What’s next…

So, yeah, that happened. Of course, when close to 1,000,000 Democrats just don’t come and vote it was bound to happen. That’s the dirty little secret about this cycle… it wasn’t really about Republican turnout or some change in the electorate to a Republican preference. November 2nd was all about a pretty massive Democratic undervote.

Don’t get me wrong, there has been a change in the electorate even in Texas. It’s less partisan and, like the rest of the country, angry about the economy. The Republicans have been given a chance and, frankly, it’s becoming very clear they don’t get understand that Election Day wasn’t a ringing endorsement of their pet causes. The biggest question is whether or not the D’s in DC get it. Do they understand that their failure to act decisively with regard to the economy (passing the too small ARRA, for example) cost them an election? Do they realize that their decision to give a huge handout to the insurance companies (the individual mandate in health care reform) cost them huge numbers of base voters and helped drive voters to Republicans?
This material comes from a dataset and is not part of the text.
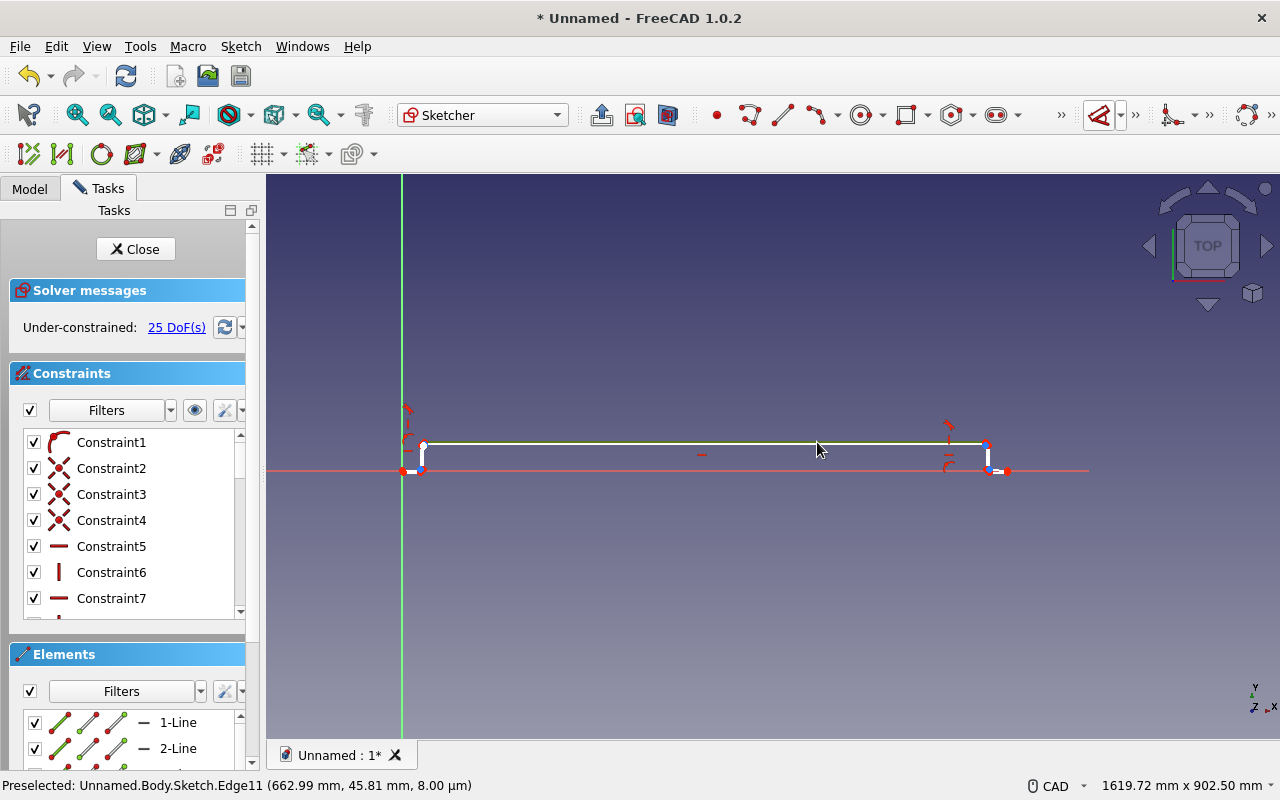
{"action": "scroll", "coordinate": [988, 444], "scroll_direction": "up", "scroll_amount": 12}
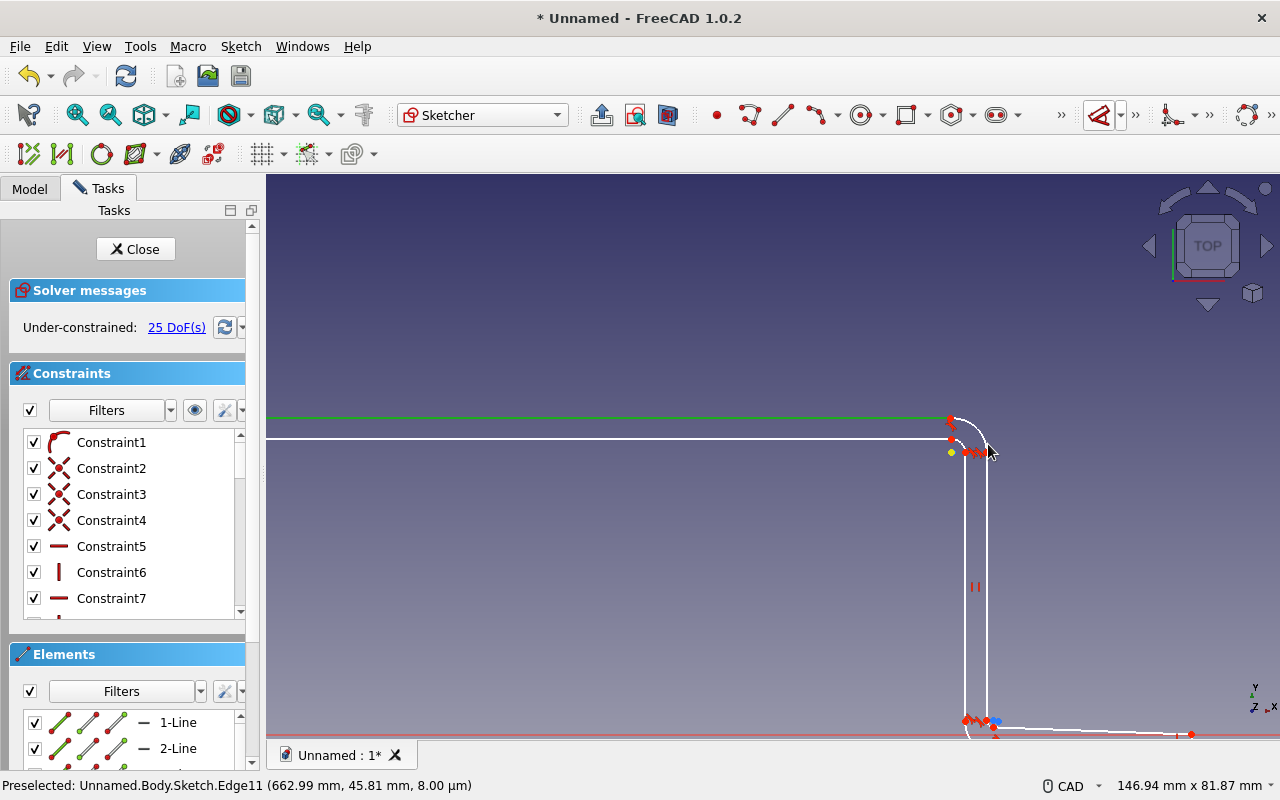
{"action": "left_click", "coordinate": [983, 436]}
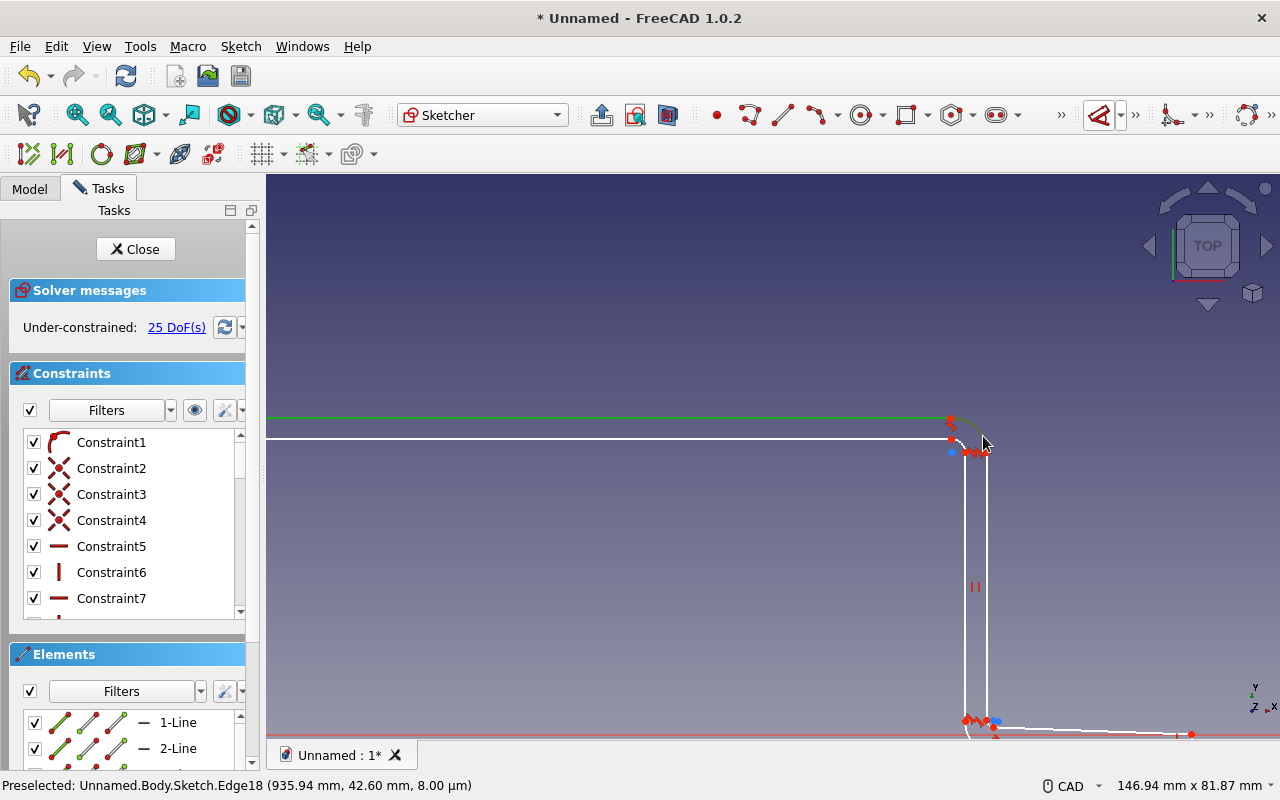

It’s clear the President (here and here) and the media don’t really understand what happened. It’s clear to those of us who are really looking deep that Democrats just stayed home and Independents, dissatisfied with the excruciatingly slow pace of President Obama, not to mention his sops to industries they hate, cast a protest vote.

And the President seems hellbent on continuing the same strategy, I suppose operating under the theory that a broken clock is right twice a day so it’s only a matter of time until he looks good again. One thing is absolutely certain… any attempts at bipartisanship are, frankly, a waste of time since it doesn’t really offer any advantage to the Republicans. It’s also certain that everything the White House does will be reported on blogs and to a limited extent by the media so any attempts to cave on key issues will become widely known. This may well fuel a primary challenge.

In broader terms, this country has entered a time where ultra low frequency events are happening more and more often. There was an historical realignment of political power in the US in 2008. That realignment didn’t achieve what the country wanted, so the country made the decision (either by voting or choosing not to vote) to realign again. The same thing will happen in 2012. And 2014. and 2016 until one party or the other flips the state and actually does something to fix the underlying problem which is economic and social insecurity. The reality is that 30 years of rapidly expanding income and wealth inequality, coupled with negative real wage growth, has reduced the tolerance of Americans for economic pain to 0. The Republicans can say (and the media can report) this is about smaller government, the health care bill, etc. However, that’s the surface dross. Deep down, it’s about economic insecurity.

Just look at the polling around the health care bill reveals that wasn’t driving the electorate because support/opposition is split down the middle. On only two key points do you see a solid majority, repeal of the individual mandate and support for a public option insurer to keep the private insurers honest.

But enough about the country, let’s talk Texas…

Expectations of the Republicans are so high that there’s no way to satisfy them with a desire for no new taxes made clear by the electorate and a looming deficit larger than California’s. The Speaker’s race is a prime example with the CraddickCrats on one side and the actual Republicans on the other side. The scary thing about it is that Straus should be their guy. I mean, he’s a transition face for the Republican Party, something they’ve never had… component, able to govern well and conservative on fiscal issues. He’s an absolute nightmare for Democrats in Texas and the social conservatives are driving an effort to bring him down which is funny because their issues poll about as well in Texas as President Obama. My read is that the challenge is more bark than bite and Struas will survive which isn’t a good thing for Democrats. We can run against the rest of the statewide clowns who actually think their victories last week have something to do with them. Straus, on the other hand, is shrewd and smart. Think Rick Perry’s political skills (and his machine) coupled with actual competence and none of the blunders.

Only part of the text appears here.